Given entries below:

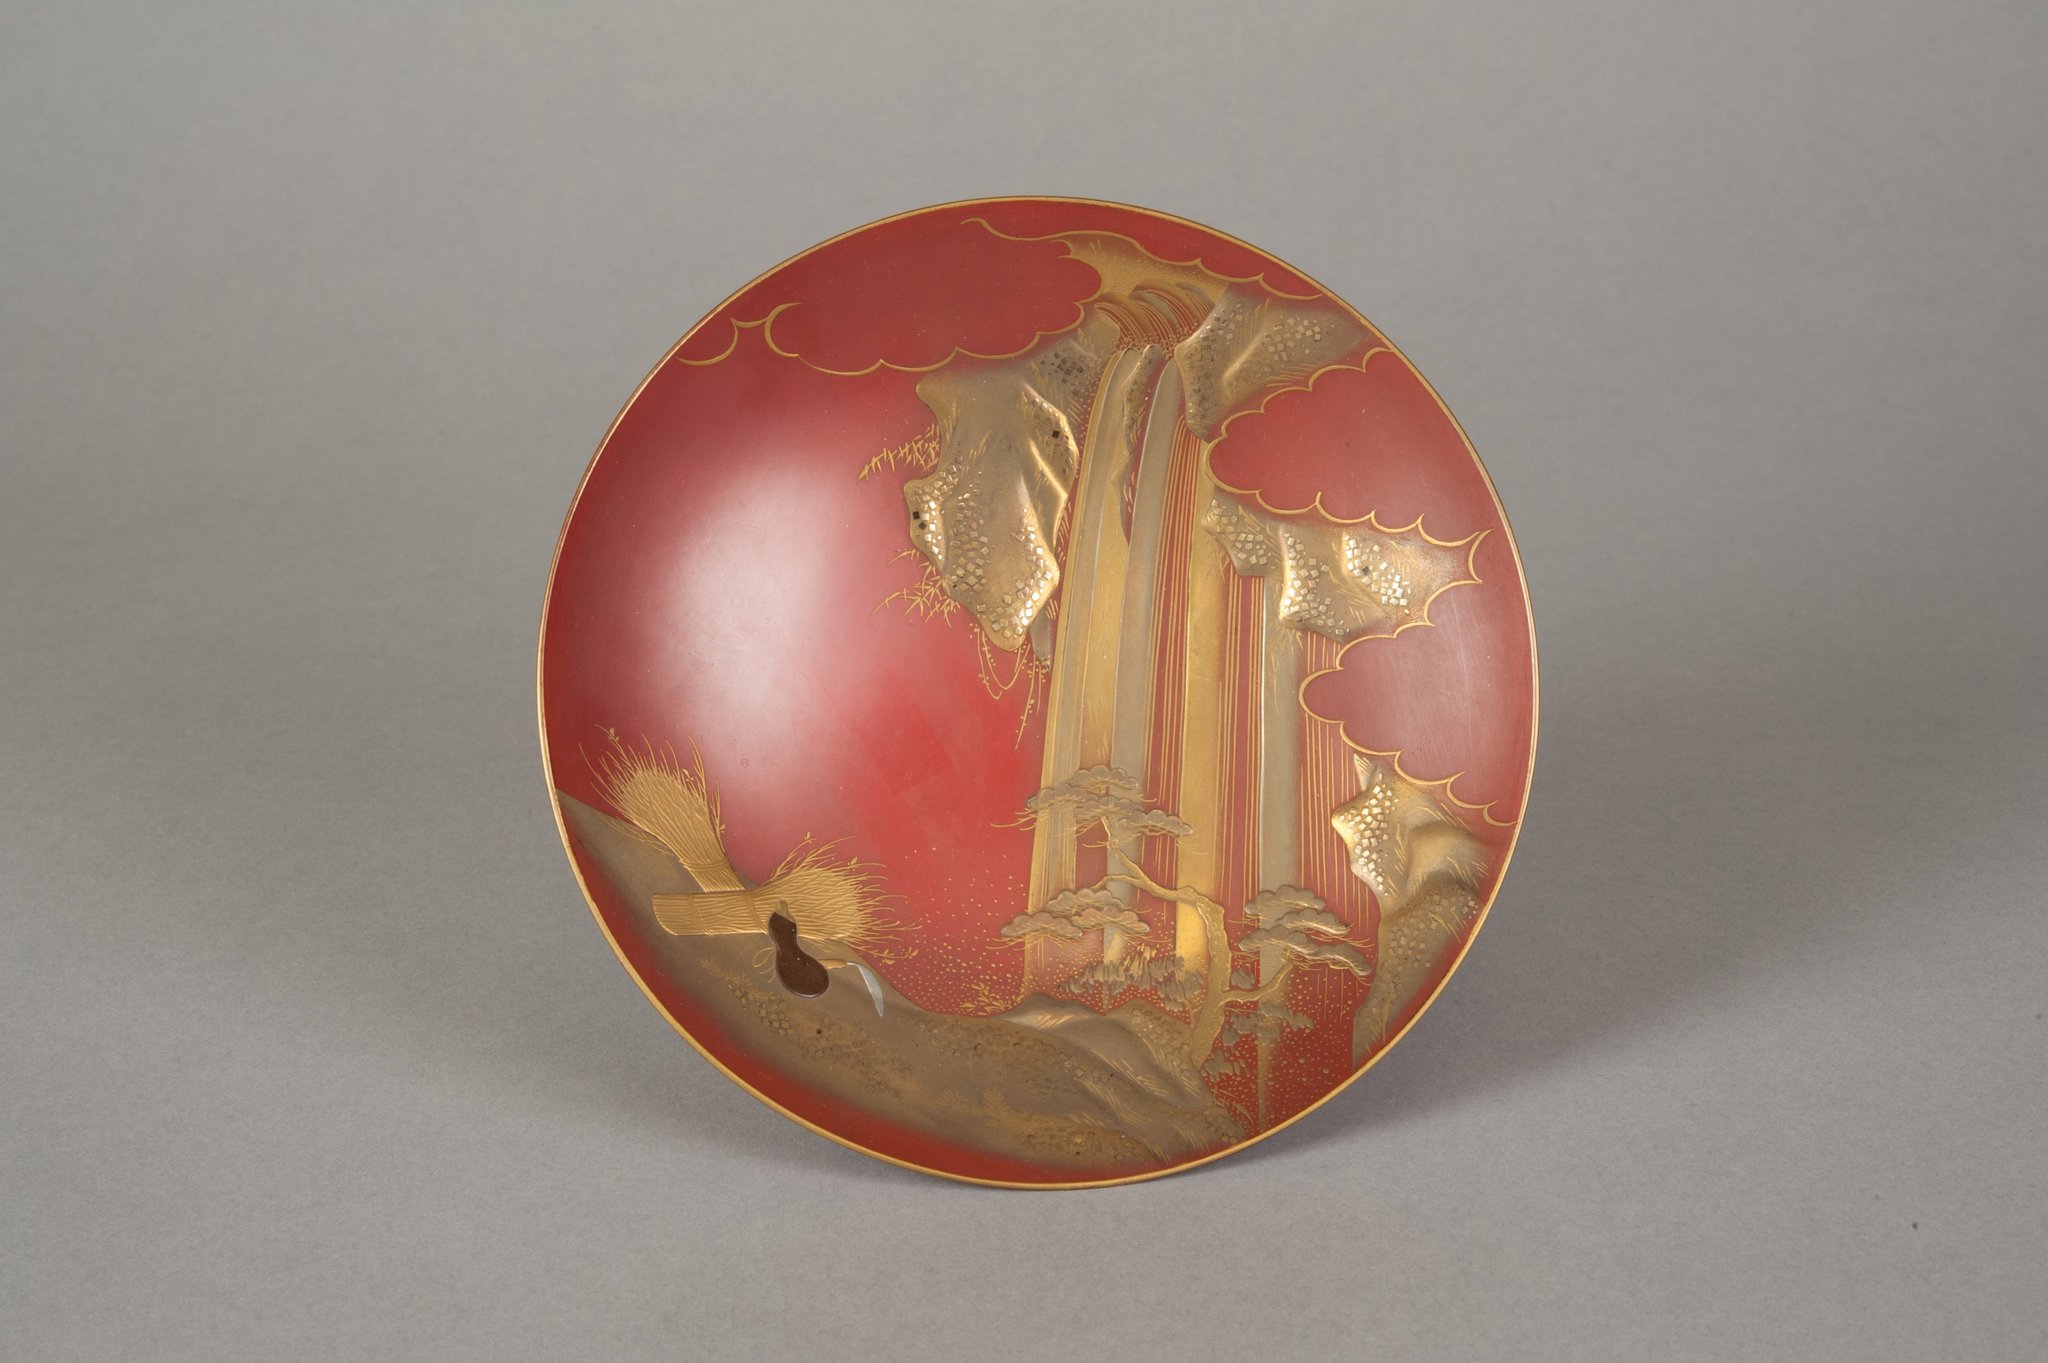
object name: sake cup
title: Sake Cup with Scenes from the Noh Plays Pine in the Winds, Yōrō Falls, and The Tengu of Mount Kurama
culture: japanese
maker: shomosai
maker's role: artist
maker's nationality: japanese
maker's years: 18-19
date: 1801-1850
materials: foil, gold, silver, wood
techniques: hiramakie, lacquer, maki-e

End of Given entries.

_Problem_:
Return the records above verbatim, leaving out images.

_Written answer_:
object name: sake cup
title: Sake Cup with Scenes from the Noh Plays Pine in the Winds, Yōrō Falls, and The Tengu of Mount Kurama
culture: japanese
maker: shomosai
maker's role: artist
maker's nationality: japanese
maker's years: 18-19
date: 1801-1850
materials: foil, gold, silver, wood
techniques: hiramakie, lacquer, maki-e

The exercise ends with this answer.